- [Task item] Lines containing the word "neural" are to be copied from the data below.

+++ Exercise material +++

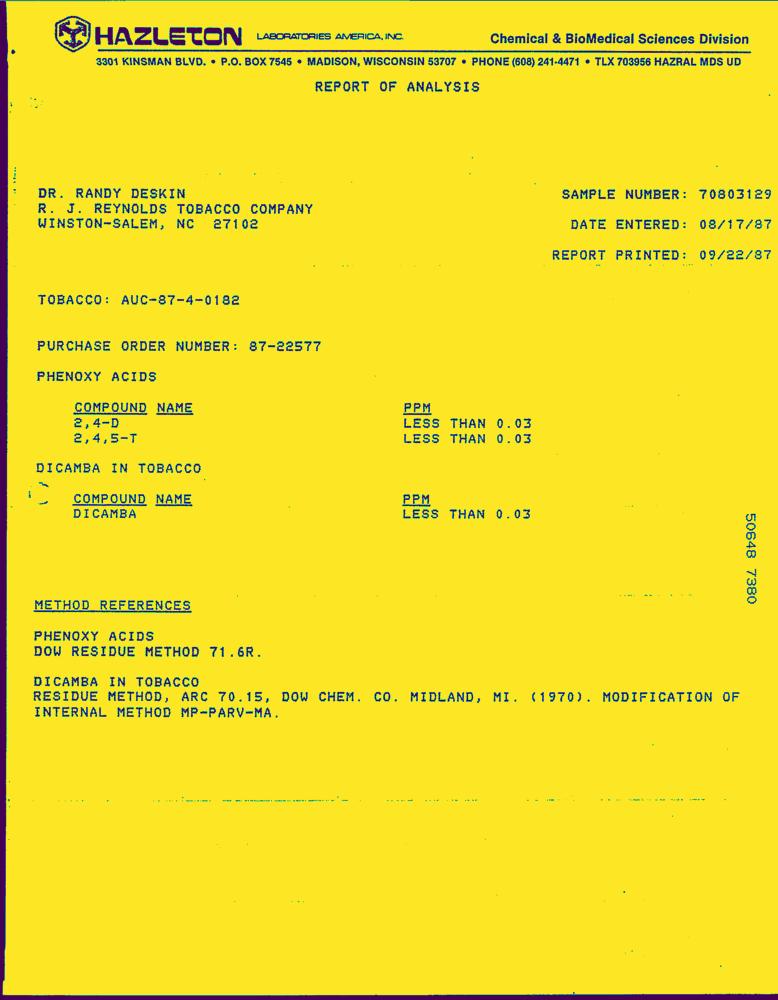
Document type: Letter-Doc
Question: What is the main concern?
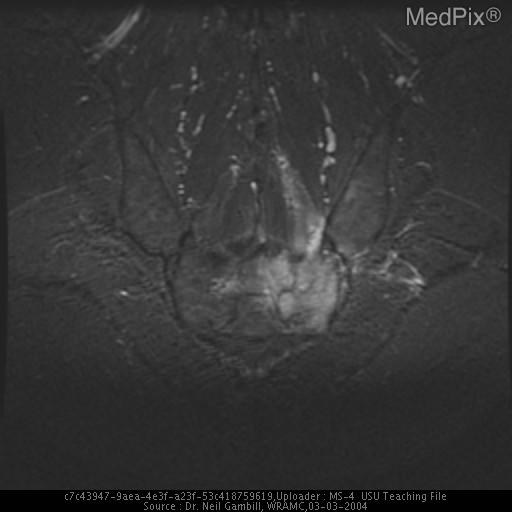
Answer: The findings suggest 1) Plain films- normal SI joints, ill defined lucent area over lower left sacrum, two sacral neural foramina on left widened with erosions of borders
2) CT- mass left side of sacrum, left side of S1 encroaching on left side neural foramen, normal vertebral bodies
3) MRI- infiltrating lesion with high T2 signal intensity within body of sacrum infiltrating into the epidural space. MRI- infiltrating lesion with high T2 signal intensity within body of sacrum infiltrating into the epidural space. The patient might have a history of 45 y/o white male initially presented with five week hx of left buttock burning pain and numbness extending into lower thigh.  Initially treated with NSAIDS and physical therapy, symptoms continued to worsen.  Presented to WRAMC with numbness and tingling extending into left testicle and penis.  Patient denies bowel or bladder incontinence, weight loss, or other constitutional symptoms.  Denies any numbness, pain, or abnormal sensations on right side.
PMHx: HTN, hyperlipidemia
PSHx: remote tonsillectomy/ bilateral herniorrhaphy
MEDS: Ramipril 5 mg PO qd, HCTZ 12.5 mg PO qd, Amitryptyline 25 mg PO qd, Zocor 10 mg PO qd.
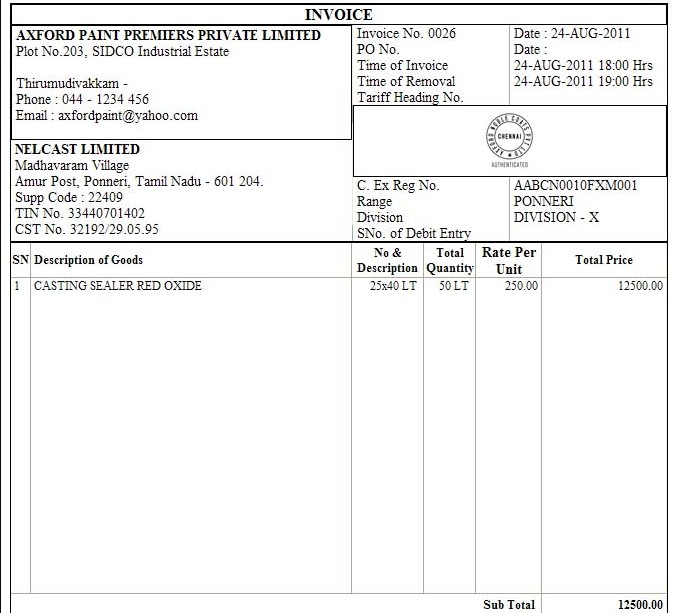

+++

- [Exercise answer]
Answer: The findings suggest 1) Plain films- normal SI joints, ill defined lucent area over lower left sacrum, two sacral neural foramina on left widened with erosions of borders
2) CT- mass left side of sacrum, left side of S1 encroaching on left side neural foramen, normal vertebral bodies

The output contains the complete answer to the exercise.